Step 3: Parse HTML Code With Beautiful Soup

Objectif: extract url of senators from the webpage to build a list of url that will be used for scraping info on senators

Find Elements by ID

In an HTML web page, every element can have an id attribute assigned.

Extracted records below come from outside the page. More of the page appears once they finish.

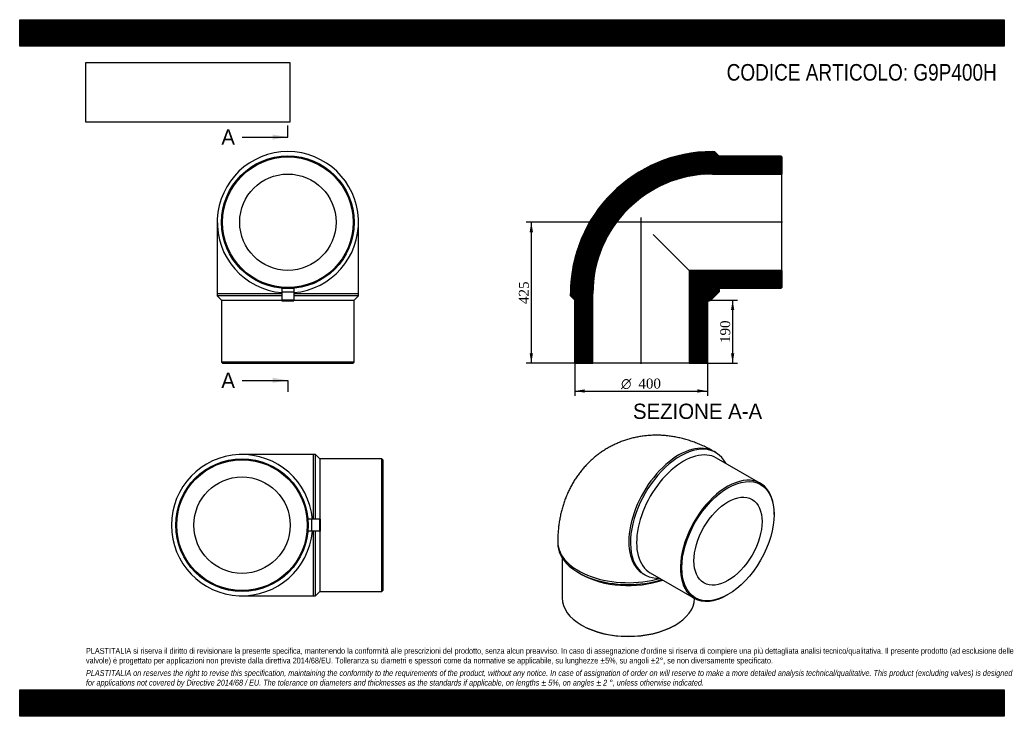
# Model space of a CAD drawing. Header units: millimetres. Extents: x 0 to 2970, y 0 to 2100.
import ezdxf
from ezdxf.enums import TextEntityAlignment as Align
from ezdxf.lldxf.tags import DXFTag

# ---------------------------------------------------------------- set-up
doc = ezdxf.new("R2010")
doc.units = ezdxf.units.MM
doc.header["$LTSCALE"] = 10
for name, color, linetype in [('Default', 7, 'Continuous'), ('DV4_Default', 7, 'Continuous'), ('G9P400H', 7, 'Continuous')]:
    doc.layers.add(name, color=color, linetype=linetype)
doc.styles.add('SEACAD_Solid_Edge_ANSI', font='seans.ttf')
doc.styles.add('SEACAD_Solid_Edge_ANSI1_Symbols', font='semeca1.ttf')
doc.styles.add('SEACAD_Times_New_Roman', font='times.ttf')
tags = doc.linetypes.add('CENTER2', pattern=[28.575, 19.05, -3.175, 3.175, -3.175]).pattern_tags.tags
tags[10:11] = [DXFTag(74, 4), DXFTag(75, 0), DXFTag(340, '0'), DXFTag(46, 0.0), DXFTag(50, 0.0), DXFTag(44, 0.0), DXFTag(45, 0.0)]
tags[8:9] = [DXFTag(74, 4), DXFTag(75, 0), DXFTag(340, '0'), DXFTag(46, 0.0), DXFTag(50, 0.0), DXFTag(44, 0.0), DXFTag(45, 0.0)]
tags[6:7] = [DXFTag(74, 4), DXFTag(75, 0), DXFTag(340, '0'), DXFTag(46, 0.0), DXFTag(50, 0.0), DXFTag(44, 0.0), DXFTag(45, 0.0)]
tags[4:5] = [DXFTag(74, 4), DXFTag(75, 0), DXFTag(340, '0'), DXFTag(46, 0.0), DXFTag(50, 0.0), DXFTag(44, 0.0), DXFTag(45, 0.0)]
doc.dimstyles.new('ANSImm', dxfattribs={"dimtxt": 30, "dimasz": 30, "dimexe": 15, "dimexo": 0, "dimgap": 7.5, "dimtad": 1, "dimdsep": 46, "dimtxsty": 'SEACAD_Times_New_Roman', "dimblk1": '_SE_FILLED', "dimblk2": '_SE_FILLED', "dimsah": 1, "dimcen": 15, "dimazin": 0, "dimtfac": 0.85, "dimtdec": 3, "dimtofl": 0, "dimtmove": 0, "dimatfit": 3, "dimfxl": 1, "dimarcsym": 0})
picture_1 = doc.add_image_def('image1.jpg', size_in_pixel=(4302, 1260))

# ---------------------------------------------------------------- blocks, each defined once
blk = doc.blocks.new('SE')
at = {"layer": 'G9P400H', "color": 7, "linetype": 'Continuous'}
for p, q in [((595.9, 1489.4), (595.9, 1274.4)), ((1021.9, 1274.4), (1021.9, 1489.4)), ((790.9, 1289.4), (790.9, 1278.5)), ((808.9, 1289.4), (790.9, 1289.4)), ((790.9, 1278.5), (790.9, 1254.8)), ((826.9, 1278.5), (790.9, 1278.5)), ((826.9, 1289.4), (808.9, 1289.4)), ((826.9, 1289.4), (826.9, 1278.5)), ((826.9, 1278.5), (826.9, 1254.8)), ((595.9, 1274.4), (790.9, 1274.4)), ((595.9, 1274.4), (595.9, 1267.4)), ((790.9, 1267.4), (595.9, 1267.4)), ((595.9, 1267.4), (608.9, 1254.4)), ((608.9, 1254.4), (790.9, 1254.4)), ((608.9, 1254.4), (608.9, 1067.4)), ((790.9, 1254.8), (790.9, 1252.5)), ((826.9, 1254.8), (790.9, 1254.8)), ((790.9, 1252.5), (826.9, 1252.5)), ((826.9, 1274.4), (1021.9, 1274.4)), ((1021.9, 1267.4), (826.9, 1267.4)), ((826.9, 1254.8), (826.9, 1252.5)), ((826.9, 1254.4), (1008.9, 1254.4)), ((1008.9, 1254.4), (1021.9, 1267.4)), ((1008.9, 1067.4), (1008.9, 1254.4)), ((1021.9, 1267.4), (1021.9, 1274.4)), ((1008.9, 1067.4), (608.9, 1067.4)), ((608.9, 1067.4), (611.9, 1064.4)), ((611.9, 1064.4), (1005.9, 1064.4)), ((1005.9, 1064.4), (1008.9, 1067.4))]:
    blk.add_line(p, q, dxfattribs=at)
for radius in [200, 197, 145.3]:
    blk.add_circle((808.9, 1489.4), radius, dxfattribs=at)
blk.add_arc((808.9, 1489.4), 213, 274.8477, 265.1523, dxfattribs=at)
blk = doc.blocks.new('SE1')
at = {"layer": 'G9P400H', "color": 7, "linetype": 'Continuous'}
for p, q in [((2099.5, 795.2), (2094.6, 798.1)), ((2234.4, 702.3), (2102.2, 778.6)), ((2275.8, 608.3), (2275.8, 610.7)), ((1623, 525.8), (1623, 520.1)), ((1636, 477.8), (1636, 356.8)), ((1685.4, 433.2), (1694.6, 427.9)), ((1881.6, 429.1), (1886.5, 426.3)), ((1902.2, 432.2), (2034.4, 355.9)), ((2134.4, 365.8), (2136.5, 367)), ((1694.6, 275.2), (1696.7, 273.9)), ((1975.3, 273.9), (1977.4, 275.2))]:
    blk.add_line(p, q, dxfattribs=at)
for centre, major_axis, start_param, end_param in [((1988.1, 613.6), (106.5, 184.5), 0, 3.141593), ((1993, 610.7), (-106.5, -184.5), 2.790412, 6.634366), ((2002.2, 605.4), (100, 173.2), 0, 3.141593), ((2134.4, 529.1), (-100, -173.2), 2.356194, 6.283185), ((1836, 525.8), (-213, 0), -0.000015, 2.032037), ((1836, 520.1), (-213, 0), 0, 2.066513), ((1836, 509.5), (200, 0), 3.926991, 5.256231), ((1836, 356.8), (-200, 0), 0, 3.12595), ((2134.4, 529.1), (-100, -173.2), 0, 0.785398), ((1836, 354.4), (197, 0), 3.926991, 5.497787)]:
    blk.add_ellipse(centre, major_axis=major_axis, ratio=0.57735, start_param=start_param, end_param=end_param, dxfattribs=at)
for major_axis in [(98.5, 170.6), (72.6, 125.8)]:
    blk.add_ellipse((2136.5, 527.9), major_axis=major_axis, ratio=0.57735, dxfattribs=at)
blk.add_open_spline([(2094.6, 798.1), (2091.3, 799.9), (2084.2, 804), (2071.4, 810.6), (2057.2, 817.3), (2042.7, 823.4), (2028.1, 828.7), (2013.5, 833.5), (1998.9, 837.5), (1984.3, 840.8), (1969.7, 843.5), (1955.2, 845.5), (1940.7, 846.7), (1926.4, 847.4), (1912.2, 847.3), (1898.1, 846.6), (1884.2, 845.3), (1870.5, 843.3), (1856.9, 840.7), (1843.6, 837.5), (1830.5, 833.7), (1817.7, 829.3), (1805.1, 824.3), (1792.9, 818.8), (1780.9, 812.7), (1769.3, 806), (1758, 798.9), (1747.1, 791.2), (1736.6, 783), (1726.4, 774.4), (1716.7, 765.3), (1707.4, 755.7), (1698.6, 745.8), (1690.1, 735.4), (1682.2, 724.6), (1674.7, 713.4), (1667.7, 701.9), (1661.1, 689.9), (1655.1, 677.7), (1649.5, 665.1), (1644.4, 652.1), (1639.9, 638.9), (1635.9, 625.3), (1632.4, 611.4), (1629.4, 597.2), (1627, 582.8), (1625.1, 568), (1623.8, 553.1), (1623.1, 538.7), (1623.1, 530.2), (1623, 525.8)], degree=3, knots=[0, 0, 0, 0, 0.015174, 0.038819, 0.062392, 0.08577, 0.108921, 0.131825, 0.154469, 0.176847, 0.198962, 0.220822, 0.242438, 0.263822, 0.284992, 0.305962, 0.326749, 0.347369, 0.367838, 0.388172, 0.408385, 0.428491, 0.448504, 0.468439, 0.488308, 0.508124, 0.527901, 0.547649, 0.567379, 0.587106, 0.606844, 0.626607, 0.646409, 0.666268, 0.686198, 0.706216, 0.72634, 0.746588, 0.766978, 0.787529, 0.80826, 0.829189, 0.850333, 0.871705, 0.893319, 0.91518, 0.937291, 0.959648, 0.982238, 1, 1, 1, 1], dxfattribs=at)
blk = doc.blocks.new('SE2')
at = {"layer": 'G9P400H', "color": 7, "linetype": 'Continuous'}
for p, q in [((885.6, 789.2), (670.6, 789.2)), ((885.6, 789.2), (885.6, 594.2)), ((892.6, 789.2), (885.6, 789.2)), ((892.6, 594.2), (892.6, 789.2)), ((905.6, 776.2), (892.6, 789.2)), ((905.6, 776.2), (905.6, 594.2)), ((1092.6, 776.2), (905.6, 776.2)), ((1092.6, 376.2), (1092.6, 776.2)), ((1095.6, 773.2), (1092.6, 776.2)), ((1095.6, 773.2), (1095.6, 379.2)), ((870.6, 576.2), (870.6, 594.2)), ((870.6, 576.2), (870.6, 594.2)), ((881.5, 594.2), (870.6, 594.2)), ((905.2, 594.2), (881.5, 594.2)), ((881.5, 558.2), (881.5, 594.2)), ((907.5, 594.2), (905.2, 594.2)), ((905.2, 558.2), (905.2, 594.2)), ((907.5, 558.2), (907.5, 594.2)), ((870.6, 558.2), (870.6, 576.2)), ((870.6, 558.2), (870.6, 576.2)), ((881.5, 558.2), (870.6, 558.2)), ((905.2, 558.2), (881.5, 558.2)), ((885.6, 558.2), (885.6, 363.2)), ((892.6, 363.2), (892.6, 558.2)), ((907.5, 558.2), (905.2, 558.2)), ((905.6, 558.2), (905.6, 376.2)), ((670.6, 363.2), (885.6, 363.2)), ((885.6, 363.2), (892.6, 363.2)), ((892.6, 363.2), (905.6, 376.2)), ((905.6, 376.2), (1092.6, 376.2)), ((1092.6, 376.2), (1095.6, 379.2))]:
    blk.add_line(p, q, dxfattribs=at)
for radius in [200, 197, 145.3]:
    blk.add_circle((670.6, 576.2), radius, dxfattribs=at)
blk.add_arc((670.6, 576.2), 213, 4.8477, 355.1523, dxfattribs=at)
blk = doc.blocks.new('SE4')
at = {"color": 7, "linetype": 'Continuous', "style": 'SEACAD_Solid_Edge_ANSI'}
blk.add_text('A', height=46, dxfattribs=at).set_placement((608.3, 1769.1), align=Align.TOP_LEFT)
blk = doc.blocks.new('SE5')
at = {"color": 7, "linetype": 'Continuous', "style": 'SEACAD_Solid_Edge_ANSI'}
blk.add_text('A', height=46, dxfattribs=at).set_placement((608.3, 1035.8), align=Align.TOP_LEFT)
blk = doc.blocks.new('SEANNOT_GROUP')
at = {"linetype": 'Continuous'}
blk.add_hatch(color=7, dxfattribs=at).paths.add_polyline_path([(762.9, 1738.4), (808.9, 1746.1), (762.9, 1753.7)])
at = {"color": 7, "linetype": 'Continuous'}
blk.add_lwpolyline([(670.9, 1746.1), (808.9, 1746.1)], dxfattribs=at)
blk = doc.blocks.new('SEANNOT_GROUP1')
at = {"linetype": 'Continuous'}
blk.add_hatch(color=7, dxfattribs=at).paths.add_polyline_path([(762.9, 1005.1), (808.9, 1012.8), (762.9, 1020.5)])
at = {"color": 7, "linetype": 'Continuous'}
blk.add_lwpolyline([(670.9, 1012.8), (808.9, 1012.8)], dxfattribs=at)
blk = doc.blocks.new('SE3')
at = {"layer": 'Default', "color": 7, "linetype": 'CENTER2'}
for p, q in [((808.9, 1746.1), (808.9, 1780.6)), ((808.9, 1012.8), (808.9, 978.3))]:
    blk.add_line(p, q, dxfattribs=at)
at = {"layer": 'Default', "color": 7, "linetype": 'CENTER2', "const_width": 0.0001}
blk.add_lwpolyline([(808.9, 1746.1), (808.9, 1012.8)], dxfattribs=at)
at = {"layer": 'Default'}
for name in ['SE4', 'SEANNOT_GROUP', 'SE5', 'SEANNOT_GROUP1']:
    blk.add_blockref(name, (0, 0), dxfattribs=at)
blk = doc.blocks.new('SE6')
at = {"layer": 'G9P400H', "linetype": 'Continuous'}
h = blk.add_hatch(dxfattribs=at)
h.set_pattern_fill('LINE', scale=0.629921, angle=45, style=0)
edge = h.paths.add_edge_path()
edge.add_line((2296.3, 1689.4), (2109.3, 1689.4))
edge.add_line((2109.3, 1689.4), (2096.3, 1702.4))
edge.add_line((2096.3, 1702.4), (2089.3, 1702.4))
edge.add_arc((2089.3, 1274.4), 428, 90, 180)
edge.add_line((1661.3, 1274.4), (1661.3, 1267.4))
edge.add_line((1661.3, 1267.4), (1674.3, 1254.4))
edge.add_line((1674.3, 1254.4), (1674.3, 1067.4))
edge.add_line((1674.3, 1067.4), (1677.3, 1064.4))
edge.add_line((1677.3, 1064.4), (1729, 1064.4))
edge.add_line((1729, 1064.4), (1729, 1274.4))
edge.add_arc((2089.3, 1274.4), 360.3, 90, 180, ccw=False)
edge.add_line((2089.3, 1634.7), (2299.3, 1634.7))
edge.add_line((2299.3, 1634.7), (2299.3, 1686.4))
edge.add_line((2299.3, 1686.4), (2296.3, 1689.4))
h = blk.add_hatch(dxfattribs=at)
h.set_pattern_fill('LINE', scale=0.629921, angle=45, style=0)
edge = h.paths.add_edge_path()
edge.add_line((2019.6, 1344.1), (2019.6, 1064.4))
edge.add_line((2019.6, 1064.4), (2071.3, 1064.4))
edge.add_line((2071.3, 1064.4), (2074.3, 1067.4))
edge.add_line((2074.3, 1067.4), (2074.3, 1254.4))
edge.add_arc((2079.6, 1260.5), 8, 228.8383, 315)
edge.add_line((2085.2, 1254.8), (2108.9, 1278.5))
edge.add_arc((2103.3, 1284.2), 8, 315, 401.1617)
edge.add_line((2109.3, 1289.4), (2296.3, 1289.4))
edge.add_line((2296.3, 1289.4), (2299.3, 1292.4))
edge.add_line((2299.3, 1292.4), (2299.3, 1344.1))
edge.add_line((2299.3, 1344.1), (2019.6, 1344.1))
at = {"layer": 'DV4_Default', "color": 7, "linetype": 'CENTER2'}
for p, q in [((2301, 1489.4), (1860, 1489.4)), ((1874.3, 1062.7), (1874.3, 1504))]:
    blk.add_line(p, q, dxfattribs=at)
at = {"layer": 'G9P400H', "color": 7, "linetype": 'Continuous'}
for p, q in [((2089.3, 1702.4), (2096.3, 1702.4)), ((2096.3, 1702.4), (2109.3, 1689.4)), ((2109.3, 1689.4), (2296.3, 1689.4)), ((2296.3, 1689.4), (2299.3, 1686.4)), ((2299.3, 1686.4), (2299.3, 1634.7)), ((2089.3, 1634.7), (2299.3, 1634.7)), ((2299.3, 1344.1), (2299.3, 1634.7)), ((1911.2, 1452.6), (2019.6, 1344.1)), ((2019.6, 1344.1), (2019.6, 1064.4)), ((2299.3, 1344.1), (2019.6, 1344.1)), ((2299.3, 1344.1), (2299.3, 1292.4)), ((2085.2, 1254.8), (2108.9, 1278.5)), ((2296.3, 1289.4), (2109.3, 1289.4)), ((2299.3, 1292.4), (2296.3, 1289.4)), ((1661.3, 1267.4), (1661.3, 1274.4)), ((1674.3, 1254.4), (1661.3, 1267.4)), ((1674.3, 1067.4), (1674.3, 1254.4)), ((1729, 1064.4), (1729, 1274.4)), ((2074.3, 1254.4), (2074.3, 1067.4)), ((1677.3, 1064.4), (1674.3, 1067.4)), ((1677.3, 1064.4), (1729, 1064.4)), ((2019.6, 1064.4), (1729, 1064.4)), ((2019.6, 1064.4), (2071.3, 1064.4)), ((2074.3, 1067.4), (2071.3, 1064.4))]:
    blk.add_line(p, q, dxfattribs=at)
for centre, radius, start, end in [((2089.3, 1274.4), 428, 90, 180), ((2089.3, 1274.4), 360.3, 90, 180), ((2103.3, 1284.2), 8, 315, 41.1617), ((2079.6, 1260.5), 8, 228.8383, 315)]:
    blk.add_arc(centre, radius, start, end, dxfattribs=at)
blk = doc.blocks.new('DMBLK171')
at = {"layer": 'Default', "linetype": 'Continuous'}
for points in [[(2155.5, 1224.4), (2150.5, 1254.4), (2145.5, 1224.4)], [(2155.5, 1094.4), (2145.5, 1094.4), (2150.5, 1064.4)]]:
    blk.add_hatch(color=7, dxfattribs=at).paths.add_polyline_path(points)
at = {"layer": 'Default', "color": 7, "linetype": 'Continuous'}
for p, q in [((2074.3, 1254.4), (2165.5, 1254.4)), ((2150.5, 1254.4), (2150.5, 1064.4)), ((2019.6, 1064.4), (2165.5, 1064.4))]:
    blk.add_line(p, q, dxfattribs=at)
at = {"layer": 'Default', "color": 7, "linetype": 'Continuous', "style": 'SEACAD_Times_New_Roman'}
blk.add_text('190', height=30, rotation=90, dxfattribs=at).set_placement((2113, 1125.3), align=Align.TOP_LEFT)
blk = doc.blocks.new('_SE_FILLED')
at = {"color": 0}
blk.add_line((0, 0), (-1, 0), dxfattribs=at)
blk.add_solid([(0, 0), (-1, -0.1665), (-1, 0.1665), (0, 0)], dxfattribs=at)
blk = doc.blocks.new('GDimGGroup')
at = {"layer": 'Default', "linetype": 'Continuous'}
for points in [[(1704.3, 975.6), (1704.3, 985.6), (1674.3, 980.6)], [(2044.3, 975.6), (2074.3, 980.6), (2044.3, 985.6)]]:
    blk.add_hatch(color=7, dxfattribs=at).paths.add_polyline_path(points)
at = {"layer": 'Default', "color": 7, "linetype": 'Continuous'}
for p, q in [((1674.3, 1067.4), (1674.3, 965.6)), ((2074.3, 1067.4), (2074.3, 965.6)), ((1674.3, 980.6), (2074.3, 980.6))]:
    blk.add_line(p, q, dxfattribs=at)
for s, style, p in [('O', 'SEACAD_Solid_Edge_ANSI1_Symbols', (1814.1, 1018.1)), ('400', 'SEACAD_Times_New_Roman', (1866.3, 1018.1))]:
    blk.add_text(s, height=30, dxfattribs=dict(at, style=style)).set_placement(p, align=Align.TOP_LEFT)
blk = doc.blocks.new('DMBLK172')
at = {"layer": 'Default', "linetype": 'Continuous'}
for points in [[(1538.2, 1459.4), (1548.2, 1459.4), (1543.2, 1489.4)], [(1538.2, 1094.4), (1543.2, 1064.4), (1548.2, 1094.4)]]:
    blk.add_hatch(color=7, dxfattribs=at).paths.add_polyline_path(points)
at = {"layer": 'Default', "color": 7, "linetype": 'Continuous'}
for p, q in [((1874.3, 1489.4), (1528.2, 1489.4)), ((1543.2, 1489.4), (1543.2, 1064.4)), ((1729, 1064.4), (1528.2, 1064.4))]:
    blk.add_line(p, q, dxfattribs=at)
at = {"layer": 'Default', "color": 7, "linetype": 'Continuous', "style": 'SEACAD_Times_New_Roman'}
blk.add_text('425', height=30, rotation=90, dxfattribs=at).set_placement((1505.7, 1242.8), align=Align.TOP_LEFT)

msp = doc.modelspace()

# ---------------------------------------------------------------- hatches: boundary and pattern name
at = {"layer": 'Default', "linetype": 'Continuous'}
h = msp.add_hatch(dxfattribs=at)
h.set_pattern_fill('LINE', scale=0.629921, angle=45, style=0)
h.paths.add_polyline_path([(2970, 2020), (2970, 2100), (0, 2100), (0, 2020)])
for points in [[(2970, 2020), (2970, 2100), (0, 2100), (0, 2020)], [(2970, 0), (2970, 80), (0, 80), (0, 0)]]:
    msp.add_hatch(color=7, dxfattribs=at).paths.add_polyline_path(points)
h = msp.add_hatch(dxfattribs=at)
h.set_pattern_fill('LINE', scale=0.629921, angle=45, style=0)
h.paths.add_polyline_path([(2970, 0), (2970, 80), (0, 80), (0, 0)])

# ---------------------------------------------------------------- linework, layer by layer
at = {"layer": 'Default', "color": 7, "linetype": 'Continuous'}
for p, q in [((0, 2100), (2970, 2100)), ((0, 2020), (0, 2100)), ((2970, 2100), (2970, 2020)), ((2970, 2020), (0, 2020)), ((0, 80), (2970, 80)), ((0, 0), (0, 80)), ((2970, 80), (2970, 0)), ((2970, 0), (0, 0))]:
    msp.add_line(p, q, dxfattribs=at)

# ---------------------------------------------------------------- block references
at = {"layer": 'Default'}
for name in ['SE3', 'SE', 'SE6', 'GDimGGroup', 'SE1', 'SE2']:
    msp.add_blockref(name, (0, 0), dxfattribs=at)

# ---------------------------------------------------------------- texts
at = {"layer": 'Default', "color": 7, "linetype": 'Continuous', "style": 'SEACAD_Solid_Edge_ANSI'}
msp.add_text('SEZIONE A-A', height=46, dxfattribs=at).set_placement((1849.813, 942.511), align=Align.TOP_LEFT)
at = {"layer": 'Default', "attachment_point": 1}
for s, insert, char_height, width in [('{\\fArial Narrow|b0||i0||c0|p34;\\C7;\\H50.;\\W1.;CODICE ARTICOLO: G9P400H}', (2132.47, 1966.308), 50, 834.1088), ("{\\fArial Narrow|b0||i0||c0|p34;\\C7;\\H17.5;\\W1.;PLASTITALIA si riserva il diritto di revisionare la presente specifica, mantenendo la conformità alle prescrizioni del prodotto, senza alcun preavviso. In caso di assegnazione d'ordine si riserva di compiere una più dettagliata analisi tecnico/qualitativa. Il presente prodotto (ad esclusione delle \\P}{\\fArial Narrow|b0||i0||c0|p34;\\C7;\\H17.5;\\W1.;valvole) è progettato per applicazioni non previste dalla direttiva 2014/68/EU. Tolleranza su diametri e spessori come da normative se applicabile, su lunghezze ±5%, su angoli ±2°, se non diversamente specificato.\\P}{\\fArial Narrow|b0||i0||c0|p34;\\C7;\\H5.;\\W1.;   \\P}{\\fArial Narrow|b0||i1||c0|p34;\\C7;\\H17.5;\\W1.;PLASTITALIA on reserves the right to revise this specification, maintaining the conformity to the requirements of the product, without any notice. In case of assignation of order on will reserve to make a more detailed analysis technical/qualitative. This product (excluding valves) is designed \\P}{\\fArial Narrow|b0||i1||c0|p34;\\C7;\\H17.5;\\W1.;for applications not covered by Directive 2014/68 / EU. The tolerance on diameters and thicknesses as the standards if applicable, on lengths ± 5%, on angles ± 2 °, unless otherwise indicated.\\P}", (200, 206.024), 17.5, 2570)]:
    msp.add_mtext(s, dxfattribs=dict(at, insert=insert, char_height=char_height, width=width))

# ---------------------------------------------------------------- dimensions: what is measured, and where the dimension line sits
at = {"layer": 'Default', "color": 7, "linetype": 'Continuous'}
for base, p1, p2, picture, middle in [((1497.58, 1143.558), (1874.286, 1489.444), (1728.986, 1064.444), 'DMBLK172', (1543.182, 1276.944)), ((2150.517, 1064.444), (2074.286, 1254.444), (2019.586, 1064.444), 'DMBLK171', (2150.517, 1159.444))]:
    dim = msp.add_linear_dim(base=base, p1=p1, p2=p2, angle=90, text='\\A1;<>', dimstyle='ANSImm', dxfattribs=at)
    dim.commit()
    dim.dimension.update_dxf_attribs({"geometry": picture, "text_midpoint": middle, "dimtype": 160})

# ---------------------------------------------------------------- pictures from other files: only their frames are drawn
image = msp.add_image(picture_1, insert=(200, 1791.032), size_in_units=(614.571, 180))
image.dxf.flags = 7

doc.saveas('drawing.dxf')

Can be used to directly access the element.

In [8]:
balance=soup.find(id='Leadership_and_partisan_balance')
print(balance.prettify()[:500])
<span class="mw-headline" id="Leadership_and_partisan_balance">
 Leadership and partisan balance
</span>

Your turn

Find the id & get the soup for the table entitled *List of current U.S. Senate members*.

In [9]:
officeholder_table=soup.find(id='officeholder-table')
print(officeholder_table.prettify()[:500])
<table class="bptable gray sortable" id="officeholder-table" style="width:auto; border-bottom:1px solid #bcbcbc;">
 <thead>
  <tr colspan="4" style="background:#4c4c4c!important;color:#fff!important;text-align:center;padding: 7px 8px 8px;margin-bottom:4px;">
   <th>
    Office
   </th>
   <p>
    <br/>
   </p>
   <th>
    Name
   </th>
   <th>
    Party
   </th>
   <th>
    Date assumed office
   </th>
  </tr>
 </thead>
 <tr>
  <td style="padding-left:10px;">
   <a href="https://ballotpedia.org/

Find Elements by HTML Class Name

Because the result is not unique find_all instead of find.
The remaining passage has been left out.